YOUR GOAL: Repeat exactly, and only, the lines of the entries below from the one with "Offer a terse response. 5.55e+09." through the one with "Offer a terse response. 4.41e+09.", both ends included.

= = =

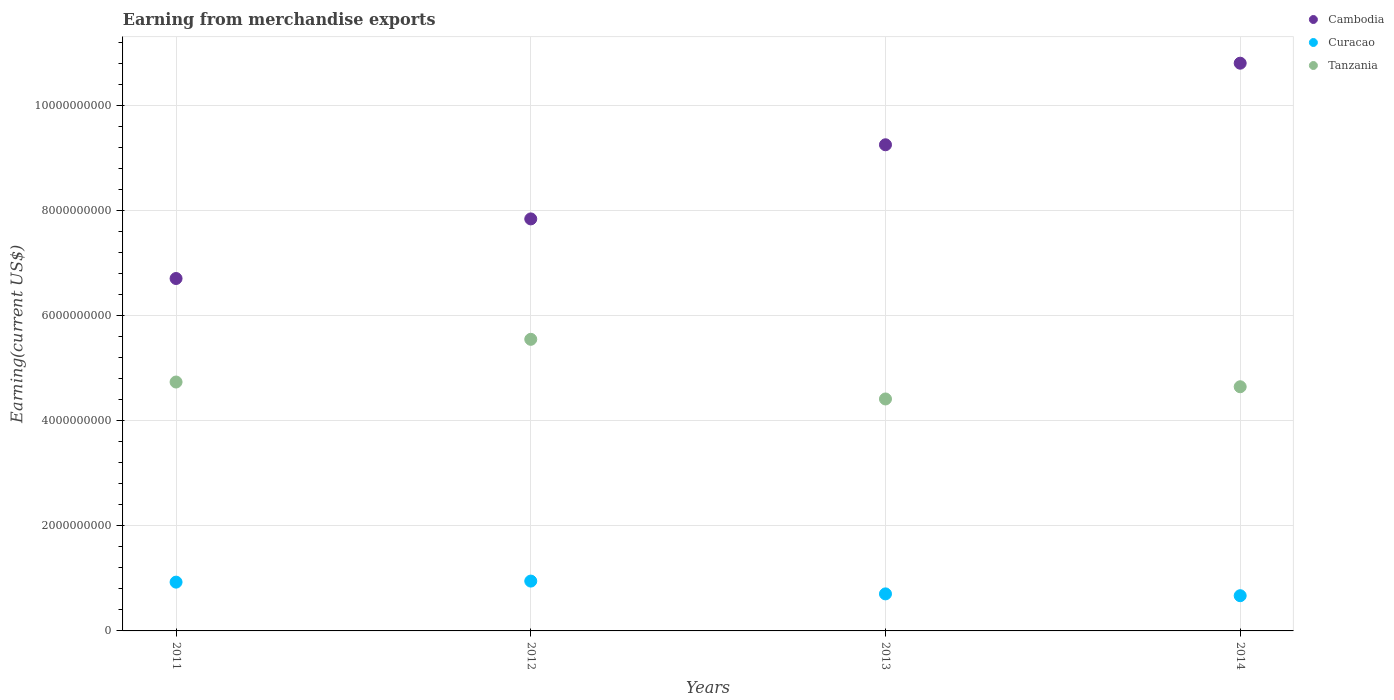What is the amount earned from merchandise exports in Tanzania in 2014?
Make the answer very short. 4.64e+09. Across all years, what is the maximum amount earned from merchandise exports in Cambodia?
Ensure brevity in your answer.  1.08e+1. Across all years, what is the minimum amount earned from merchandise exports in Tanzania?
Keep it short and to the point. 4.41e+09. In which year was the amount earned from merchandise exports in Tanzania maximum?
Your answer should be very brief. 2012. What is the total amount earned from merchandise exports in Cambodia in the graph?
Keep it short and to the point. 3.46e+1. What is the difference between the amount earned from merchandise exports in Cambodia in 2012 and that in 2014?
Your response must be concise. -2.96e+09. What is the difference between the amount earned from merchandise exports in Tanzania in 2011 and the amount earned from merchandise exports in Cambodia in 2014?
Your response must be concise. -6.07e+09. What is the average amount earned from merchandise exports in Cambodia per year?
Keep it short and to the point. 8.65e+09. In the year 2011, what is the difference between the amount earned from merchandise exports in Curacao and amount earned from merchandise exports in Cambodia?
Make the answer very short. -5.78e+09. What is the ratio of the amount earned from merchandise exports in Tanzania in 2012 to that in 2014?
Offer a very short reply. 1.19. Is the amount earned from merchandise exports in Cambodia in 2012 less than that in 2014?
Keep it short and to the point. Yes. Is the difference between the amount earned from merchandise exports in Curacao in 2013 and 2014 greater than the difference between the amount earned from merchandise exports in Cambodia in 2013 and 2014?
Your answer should be compact. Yes. What is the difference between the highest and the second highest amount earned from merchandise exports in Curacao?
Your answer should be very brief. 1.99e+07. What is the difference between the highest and the lowest amount earned from merchandise exports in Tanzania?
Offer a very short reply. 1.13e+09. In how many years, is the amount earned from merchandise exports in Tanzania greater than the average amount earned from merchandise exports in Tanzania taken over all years?
Make the answer very short. 1. Is the sum of the amount earned from merchandise exports in Tanzania in 2011 and 2012 greater than the maximum amount earned from merchandise exports in Curacao across all years?
Make the answer very short. Yes. Is it the case that in every year, the sum of the amount earned from merchandise exports in Tanzania and amount earned from merchandise exports in Curacao  is greater than the amount earned from merchandise exports in Cambodia?
Offer a terse response. No. Does the amount earned from merchandise exports in Tanzania monotonically increase over the years?
Ensure brevity in your answer.  No. Is the amount earned from merchandise exports in Tanzania strictly greater than the amount earned from merchandise exports in Cambodia over the years?
Make the answer very short. No. Is the amount earned from merchandise exports in Tanzania strictly less than the amount earned from merchandise exports in Cambodia over the years?
Your response must be concise. Yes. What is the difference between two consecutive major ticks on the Y-axis?
Your response must be concise. 2.00e+09. Are the values on the major ticks of Y-axis written in scientific E-notation?
Your answer should be very brief. No. Does the graph contain any zero values?
Your response must be concise. No. Does the graph contain grids?
Offer a terse response. Yes. How many legend labels are there?
Ensure brevity in your answer.  3. How are the legend labels stacked?
Keep it short and to the point. Vertical. What is the title of the graph?
Make the answer very short. Earning from merchandise exports. What is the label or title of the Y-axis?
Offer a very short reply. Earning(current US$). What is the Earning(current US$) of Cambodia in 2011?
Make the answer very short. 6.70e+09. What is the Earning(current US$) of Curacao in 2011?
Your answer should be compact. 9.28e+08. What is the Earning(current US$) in Tanzania in 2011?
Your answer should be very brief. 4.73e+09. What is the Earning(current US$) of Cambodia in 2012?
Give a very brief answer. 7.84e+09. What is the Earning(current US$) in Curacao in 2012?
Give a very brief answer. 9.48e+08. What is the Earning(current US$) in Tanzania in 2012?
Provide a succinct answer. 5.55e+09. What is the Earning(current US$) of Cambodia in 2013?
Make the answer very short. 9.25e+09. What is the Earning(current US$) in Curacao in 2013?
Your response must be concise. 7.05e+08. What is the Earning(current US$) in Tanzania in 2013?
Ensure brevity in your answer.  4.41e+09. What is the Earning(current US$) of Cambodia in 2014?
Keep it short and to the point. 1.08e+1. What is the Earning(current US$) of Curacao in 2014?
Your answer should be very brief. 6.70e+08. What is the Earning(current US$) of Tanzania in 2014?
Provide a short and direct response. 4.64e+09. Across all years, what is the maximum Earning(current US$) of Cambodia?
Your answer should be very brief. 1.08e+1. Across all years, what is the maximum Earning(current US$) in Curacao?
Keep it short and to the point. 9.48e+08. Across all years, what is the maximum Earning(current US$) in Tanzania?
Offer a terse response. 5.55e+09. Across all years, what is the minimum Earning(current US$) in Cambodia?
Give a very brief answer. 6.70e+09. Across all years, what is the minimum Earning(current US$) of Curacao?
Ensure brevity in your answer.  6.70e+08. Across all years, what is the minimum Earning(current US$) of Tanzania?
Offer a terse response. 4.41e+09. What is the total Earning(current US$) in Cambodia in the graph?
Offer a terse response. 3.46e+1. What is the total Earning(current US$) in Curacao in the graph?
Provide a succinct answer. 3.25e+09. What is the total Earning(current US$) of Tanzania in the graph?
Offer a terse response. 1.93e+1. What is the difference between the Earning(current US$) in Cambodia in 2011 and that in 2012?
Your response must be concise. -1.13e+09. What is the difference between the Earning(current US$) in Curacao in 2011 and that in 2012?
Provide a succinct answer. -1.99e+07. What is the difference between the Earning(current US$) of Tanzania in 2011 and that in 2012?
Provide a succinct answer. -8.12e+08. What is the difference between the Earning(current US$) in Cambodia in 2011 and that in 2013?
Your answer should be very brief. -2.54e+09. What is the difference between the Earning(current US$) in Curacao in 2011 and that in 2013?
Give a very brief answer. 2.24e+08. What is the difference between the Earning(current US$) in Tanzania in 2011 and that in 2013?
Ensure brevity in your answer.  3.22e+08. What is the difference between the Earning(current US$) in Cambodia in 2011 and that in 2014?
Your answer should be very brief. -4.10e+09. What is the difference between the Earning(current US$) of Curacao in 2011 and that in 2014?
Offer a terse response. 2.58e+08. What is the difference between the Earning(current US$) in Tanzania in 2011 and that in 2014?
Keep it short and to the point. 9.00e+07. What is the difference between the Earning(current US$) in Cambodia in 2012 and that in 2013?
Your answer should be very brief. -1.41e+09. What is the difference between the Earning(current US$) of Curacao in 2012 and that in 2013?
Make the answer very short. 2.44e+08. What is the difference between the Earning(current US$) in Tanzania in 2012 and that in 2013?
Make the answer very short. 1.13e+09. What is the difference between the Earning(current US$) of Cambodia in 2012 and that in 2014?
Offer a very short reply. -2.96e+09. What is the difference between the Earning(current US$) in Curacao in 2012 and that in 2014?
Offer a terse response. 2.78e+08. What is the difference between the Earning(current US$) in Tanzania in 2012 and that in 2014?
Give a very brief answer. 9.02e+08. What is the difference between the Earning(current US$) in Cambodia in 2013 and that in 2014?
Ensure brevity in your answer.  -1.55e+09. What is the difference between the Earning(current US$) of Curacao in 2013 and that in 2014?
Make the answer very short. 3.45e+07. What is the difference between the Earning(current US$) of Tanzania in 2013 and that in 2014?
Make the answer very short. -2.32e+08. What is the difference between the Earning(current US$) of Cambodia in 2011 and the Earning(current US$) of Curacao in 2012?
Your answer should be very brief. 5.76e+09. What is the difference between the Earning(current US$) of Cambodia in 2011 and the Earning(current US$) of Tanzania in 2012?
Provide a short and direct response. 1.16e+09. What is the difference between the Earning(current US$) in Curacao in 2011 and the Earning(current US$) in Tanzania in 2012?
Your answer should be very brief. -4.62e+09. What is the difference between the Earning(current US$) of Cambodia in 2011 and the Earning(current US$) of Curacao in 2013?
Make the answer very short. 6.00e+09. What is the difference between the Earning(current US$) in Cambodia in 2011 and the Earning(current US$) in Tanzania in 2013?
Offer a terse response. 2.29e+09. What is the difference between the Earning(current US$) of Curacao in 2011 and the Earning(current US$) of Tanzania in 2013?
Give a very brief answer. -3.48e+09. What is the difference between the Earning(current US$) in Cambodia in 2011 and the Earning(current US$) in Curacao in 2014?
Offer a very short reply. 6.03e+09. What is the difference between the Earning(current US$) of Cambodia in 2011 and the Earning(current US$) of Tanzania in 2014?
Provide a succinct answer. 2.06e+09. What is the difference between the Earning(current US$) in Curacao in 2011 and the Earning(current US$) in Tanzania in 2014?
Give a very brief answer. -3.72e+09. What is the difference between the Earning(current US$) in Cambodia in 2012 and the Earning(current US$) in Curacao in 2013?
Your response must be concise. 7.13e+09. What is the difference between the Earning(current US$) of Cambodia in 2012 and the Earning(current US$) of Tanzania in 2013?
Provide a short and direct response. 3.43e+09. What is the difference between the Earning(current US$) of Curacao in 2012 and the Earning(current US$) of Tanzania in 2013?
Offer a very short reply. -3.46e+09. What is the difference between the Earning(current US$) of Cambodia in 2012 and the Earning(current US$) of Curacao in 2014?
Your answer should be very brief. 7.17e+09. What is the difference between the Earning(current US$) in Cambodia in 2012 and the Earning(current US$) in Tanzania in 2014?
Your answer should be very brief. 3.19e+09. What is the difference between the Earning(current US$) of Curacao in 2012 and the Earning(current US$) of Tanzania in 2014?
Make the answer very short. -3.70e+09. What is the difference between the Earning(current US$) in Cambodia in 2013 and the Earning(current US$) in Curacao in 2014?
Give a very brief answer. 8.58e+09. What is the difference between the Earning(current US$) of Cambodia in 2013 and the Earning(current US$) of Tanzania in 2014?
Your answer should be compact. 4.60e+09. What is the difference between the Earning(current US$) of Curacao in 2013 and the Earning(current US$) of Tanzania in 2014?
Keep it short and to the point. -3.94e+09. What is the average Earning(current US$) in Cambodia per year?
Keep it short and to the point. 8.65e+09. What is the average Earning(current US$) in Curacao per year?
Your answer should be very brief. 8.13e+08. What is the average Earning(current US$) in Tanzania per year?
Give a very brief answer. 4.83e+09. In the year 2011, what is the difference between the Earning(current US$) in Cambodia and Earning(current US$) in Curacao?
Your answer should be compact. 5.78e+09. In the year 2011, what is the difference between the Earning(current US$) of Cambodia and Earning(current US$) of Tanzania?
Your response must be concise. 1.97e+09. In the year 2011, what is the difference between the Earning(current US$) of Curacao and Earning(current US$) of Tanzania?
Provide a succinct answer. -3.81e+09. In the year 2012, what is the difference between the Earning(current US$) of Cambodia and Earning(current US$) of Curacao?
Provide a short and direct response. 6.89e+09. In the year 2012, what is the difference between the Earning(current US$) of Cambodia and Earning(current US$) of Tanzania?
Ensure brevity in your answer.  2.29e+09. In the year 2012, what is the difference between the Earning(current US$) of Curacao and Earning(current US$) of Tanzania?
Ensure brevity in your answer.  -4.60e+09. In the year 2013, what is the difference between the Earning(current US$) of Cambodia and Earning(current US$) of Curacao?
Make the answer very short. 8.54e+09. In the year 2013, what is the difference between the Earning(current US$) of Cambodia and Earning(current US$) of Tanzania?
Provide a succinct answer. 4.84e+09. In the year 2013, what is the difference between the Earning(current US$) of Curacao and Earning(current US$) of Tanzania?
Your response must be concise. -3.71e+09. In the year 2014, what is the difference between the Earning(current US$) of Cambodia and Earning(current US$) of Curacao?
Your answer should be very brief. 1.01e+1. In the year 2014, what is the difference between the Earning(current US$) in Cambodia and Earning(current US$) in Tanzania?
Your answer should be compact. 6.16e+09. In the year 2014, what is the difference between the Earning(current US$) of Curacao and Earning(current US$) of Tanzania?
Make the answer very short. -3.98e+09. What is the ratio of the Earning(current US$) of Cambodia in 2011 to that in 2012?
Offer a very short reply. 0.86. What is the ratio of the Earning(current US$) in Tanzania in 2011 to that in 2012?
Make the answer very short. 0.85. What is the ratio of the Earning(current US$) of Cambodia in 2011 to that in 2013?
Your answer should be very brief. 0.72. What is the ratio of the Earning(current US$) in Curacao in 2011 to that in 2013?
Make the answer very short. 1.32. What is the ratio of the Earning(current US$) in Tanzania in 2011 to that in 2013?
Provide a succinct answer. 1.07. What is the ratio of the Earning(current US$) in Cambodia in 2011 to that in 2014?
Offer a very short reply. 0.62. What is the ratio of the Earning(current US$) of Curacao in 2011 to that in 2014?
Offer a terse response. 1.39. What is the ratio of the Earning(current US$) in Tanzania in 2011 to that in 2014?
Keep it short and to the point. 1.02. What is the ratio of the Earning(current US$) in Cambodia in 2012 to that in 2013?
Your answer should be very brief. 0.85. What is the ratio of the Earning(current US$) of Curacao in 2012 to that in 2013?
Your answer should be compact. 1.35. What is the ratio of the Earning(current US$) of Tanzania in 2012 to that in 2013?
Offer a very short reply. 1.26. What is the ratio of the Earning(current US$) of Cambodia in 2012 to that in 2014?
Offer a terse response. 0.73. What is the ratio of the Earning(current US$) of Curacao in 2012 to that in 2014?
Make the answer very short. 1.42. What is the ratio of the Earning(current US$) of Tanzania in 2012 to that in 2014?
Provide a short and direct response. 1.19. What is the ratio of the Earning(current US$) in Cambodia in 2013 to that in 2014?
Offer a terse response. 0.86. What is the ratio of the Earning(current US$) in Curacao in 2013 to that in 2014?
Your answer should be compact. 1.05. What is the ratio of the Earning(current US$) in Tanzania in 2013 to that in 2014?
Provide a succinct answer. 0.95. What is the difference between the highest and the second highest Earning(current US$) in Cambodia?
Your answer should be very brief. 1.55e+09. What is the difference between the highest and the second highest Earning(current US$) of Curacao?
Ensure brevity in your answer.  1.99e+07. What is the difference between the highest and the second highest Earning(current US$) of Tanzania?
Provide a succinct answer. 8.12e+08. What is the difference between the highest and the lowest Earning(current US$) in Cambodia?
Ensure brevity in your answer.  4.10e+09. What is the difference between the highest and the lowest Earning(current US$) of Curacao?
Provide a short and direct response. 2.78e+08. What is the difference between the highest and the lowest Earning(current US$) of Tanzania?
Ensure brevity in your answer.  1.13e+09.

= = =

EXPECTED OUTPUT:
Offer a terse response. 5.55e+09. Across all years, what is the minimum Earning(current US$) in Cambodia?
Give a very brief answer. 6.70e+09. Across all years, what is the minimum Earning(current US$) of Curacao?
Ensure brevity in your answer.  6.70e+08. Across all years, what is the minimum Earning(current US$) of Tanzania?
Offer a terse response. 4.41e+09. What is the total Earning(current US$) in Cambodia in the graph?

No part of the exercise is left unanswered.